I'll have to read the wikipedia entry for Principal componenent analysis at some point. Right now, most of it is going over my head.

#17 ::: Lizzy L ::: (view all by) ::: August 29, 2006, 04:09 PM:

Thanks for this post -- I would never have found this stuff myself. It makes a pretty stark picture. And it makes what we have to do in November very very clear. I am damn proud to see Barbara Boxer's name where it is.

#18 ::: Magenta Griffith ::: (view all by) ::: August 29, 2006, 04:18 PM:

Gee, I was hoping this was a cooking thread. I'd love a recipe for what to do with various politicos. Hanging's too good for them, but broiling and serving to the starving might make some use of them after all.

Okay, they'd have to be braised. Too tough otherwise. My mind must be twisted by that repubican version of the NYT.

#19 ::: John Aspinall ::: (view all by) ::: August 29, 2006, 04:30 PM:

Here are two more polysyllabic terms for you to Google, since principal components analysis doesn't tell the whole story.

1. Expectation Maximization. The Wikipedia article has the density of, say... lead, here so don't start with that one. Some of the applications may be more suitable to give you a flavor of its capabilities than the general tutorials.

2. Support Vector Machines. Which is not a rallying cry for downtrodden parallel processors, but actually a statistical technique that was developed in the hard AI "machine learning" community.

Both these terms, as well as principal components analysis, are mentioned in a tutorial whose URL I cannot post because it triggers the "questionable content" filter. But search for it.

#20 ::: Thalia ::: (view all by) ::: August 29, 2006, 04:36 PM:

Anyone else notice that the supposed centrist McCain is the 4th most conservative voter on that rank ordering? More consistent than Frist and Santorum in voting conservatively.

#21 ::: JC ::: (view all by) ::: August 29, 2006, 05:05 PM:

McCain has never struck me as being centrist. Aside from campaign finance reform, he strikes me as having solidly conservative positions. The list also points out how ridiculous the idea floated during the 2004 debates that Kerry was the more liberal of the MA senators is.

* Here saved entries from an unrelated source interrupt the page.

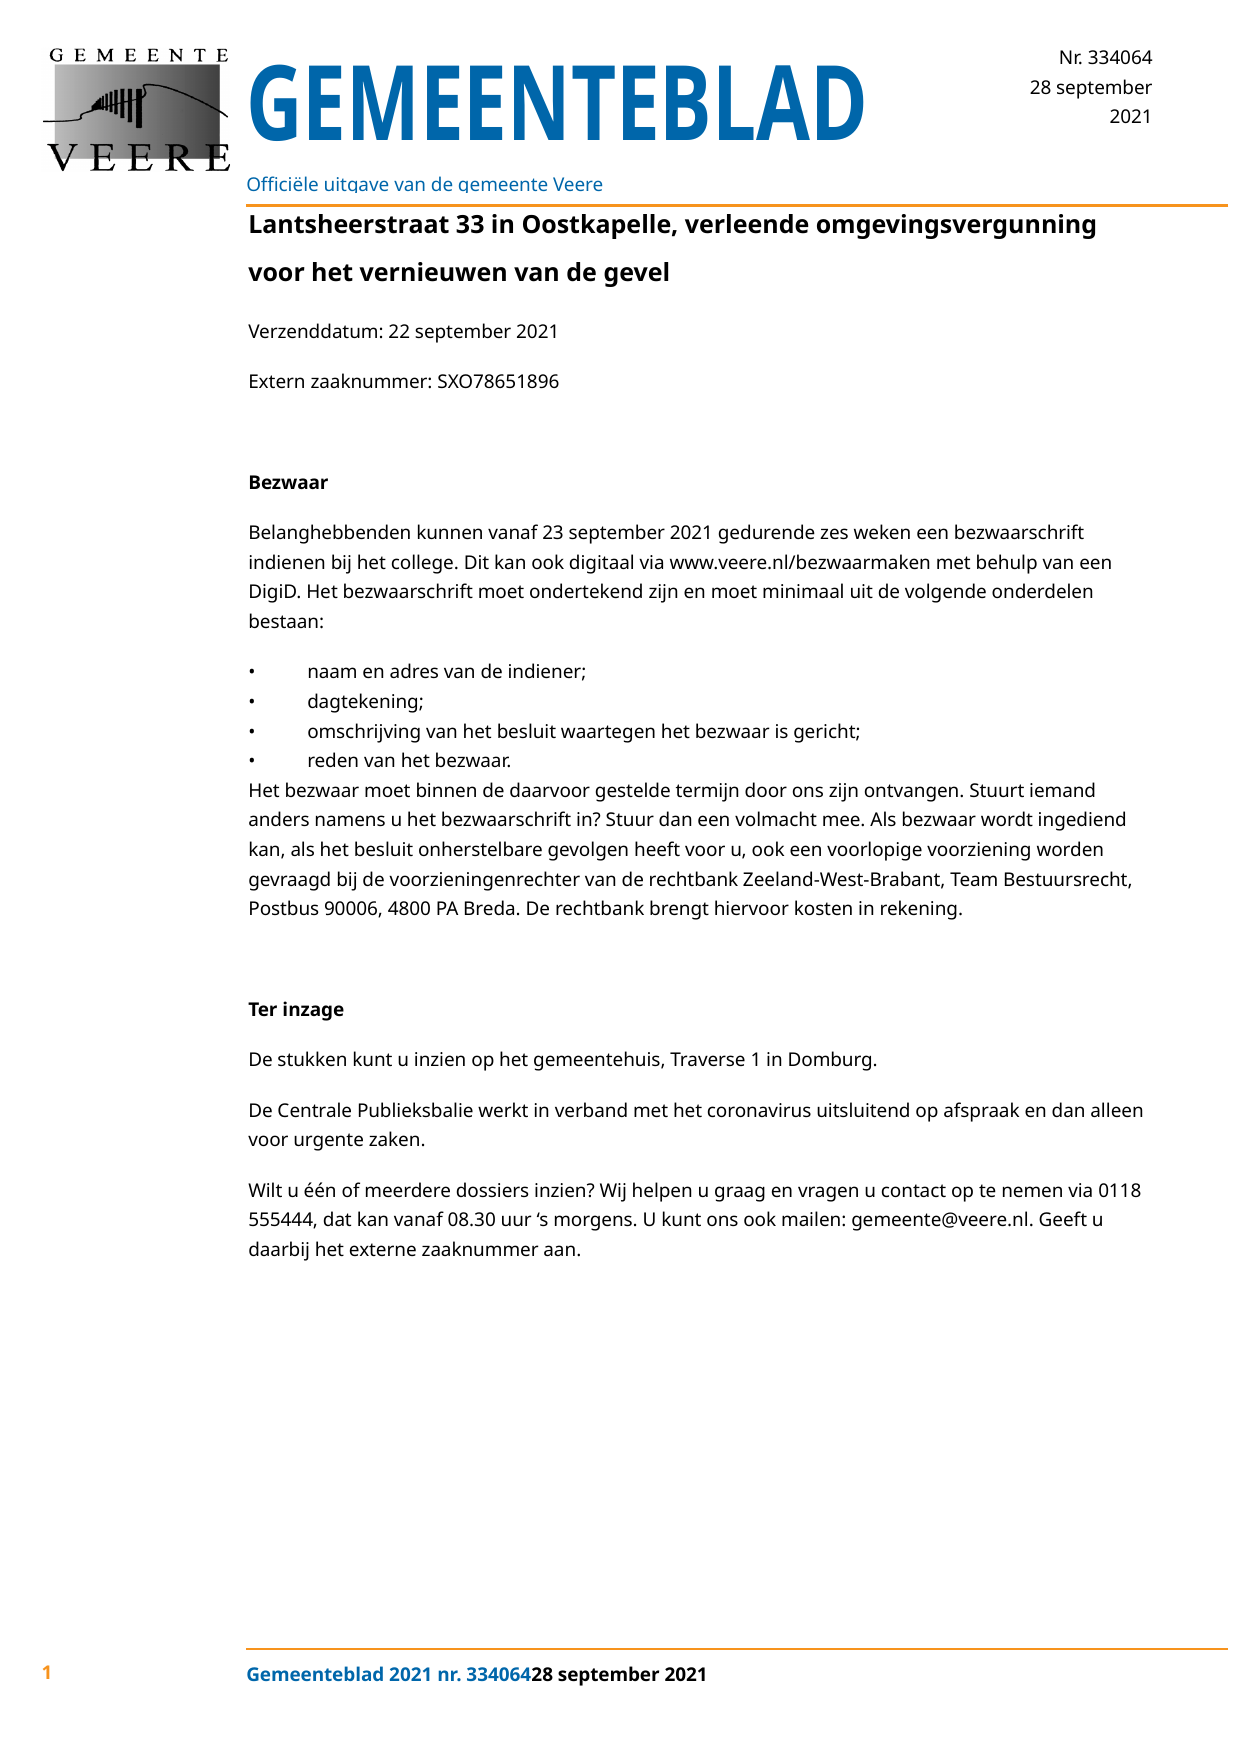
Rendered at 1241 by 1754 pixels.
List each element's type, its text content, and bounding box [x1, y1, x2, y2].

text Het bezwaar moet binnen de daarvoor gestelde termijn door ons zijn ontvangen. Stuurt iemand anders namens u het bezwaarschrift in? Stuur dan een volmacht mee. Als bezwaar wordt ingediend kan, als het besluit onherstelbare gevolgen heeft voor u, ook een voorlopige voorziening worden gevraagd bij de voorzieningenrechter van de rechtbank Zeeland-West-Brabant, Team Bestuursrecht, Postbus 90006, 4800 PA Breda. De rechtbank brengt hiervoor kosten in rekening. [248, 777, 1152, 921]
picture [41, 47, 231, 172]
text De Centrale Publieksbalie werkt in verband met het coronavirus uitsluitend op afspraak en dan alleen voor urgente zaken. [248, 1097, 1152, 1152]
list naam en adres van de indiener; [248, 659, 1152, 684]
text Bezwaar [248, 469, 1152, 495]
text Verzenddatum: 22 september 2021 [248, 318, 1152, 344]
list dagtekening; [248, 688, 1152, 714]
text De stukken kunt u inzien op het gemeentehuis, Traverse 1 in Domburg. [248, 1047, 1152, 1072]
text Wilt u één of meerdere dossiers inzien? Wij helpen u graag en vragen u contact op te nemen via 0118 555444, dat kan vanaf 08.30 uur ‘s morgens. U kunt ons ook mailen: gemeente@veere.nl. Geeft u daarbij het externe zaaknummer aan. [248, 1177, 1152, 1262]
text Extern zaaknummer: SXO78651896 [248, 368, 1152, 394]
text Lantsheerstraat 33 in Oostkapelle, verleende omgevingsvergunning voor het vernieuwen van de gevel [248, 207, 1152, 288]
text Belanghebbenden kunnen vanaf 23 september 2021 gedurende zes weken een bezwaarschrift indienen bij het college. Dit kan ook digitaal via www.veere.nl/bezwaarmaken met behulp van een DigiD. Het bezwaarschrift moet ondertekend zijn en moet minimaal uit de volgende onderdelen bestaan: [248, 519, 1152, 634]
list reden van het bezwaar. [248, 747, 1152, 773]
list omschrijving van het besluit waartegen het bezwaar is gericht; [248, 718, 1152, 744]
text Ter inzage [248, 996, 1152, 1022]

However, I haven't decided if this means that I now have to think of Hillary (and John Kerry) as liberals or if this analysis says that the senate, on the whole, is a rather conservative body (such that solid moderates end up ranked 23.5).

#22 ::: Greg London ::: (view all by) ::: August 29, 2006, 05:15 PM:

woah, that's wild, the most liberal senators, in order, are

109 15011 71 CALIFOR D BOXER 27 485 0.944 1.000
109 15021 21 ILLINOI D DURBIN 23 502 0.954 2.000
109 49309 25 WISCONS D FEINGOLD 62 500 0.876 3.000
109 14230 31 IOWA D HARKIN 37 505 0.927 4.000
109 10808 3 MASSACH D KENNEDY ED 17 500 0.966 5.000

The midwest is more liberal that massa-f-ing-chusetts???

That's crazy talk.

#23 ::: Greg London ::: (view all by) ::: August 29, 2006, 05:17 PM:

#19, John, thanks. I'll take a google gander after work.

#24 ::: P J Evans ::: (view all by) ::: August 29, 2006, 05:17 PM:

Durbin, Feingold, and Harkin are more liberal than most senators. Although I'm still not sure how reliable these numbers are. Feinstein and Boxer are, AFAIK, more conservative than Kennedy on a lot of things.

#25 ::: James D. Macdonald ::: (view all by) ::: August 29, 2006, 06:10 PM:

If voting were all that it's about, I suppose you could replace Congress with a simple algorithm.

But they also propose new legislation, which is the main source of their importance.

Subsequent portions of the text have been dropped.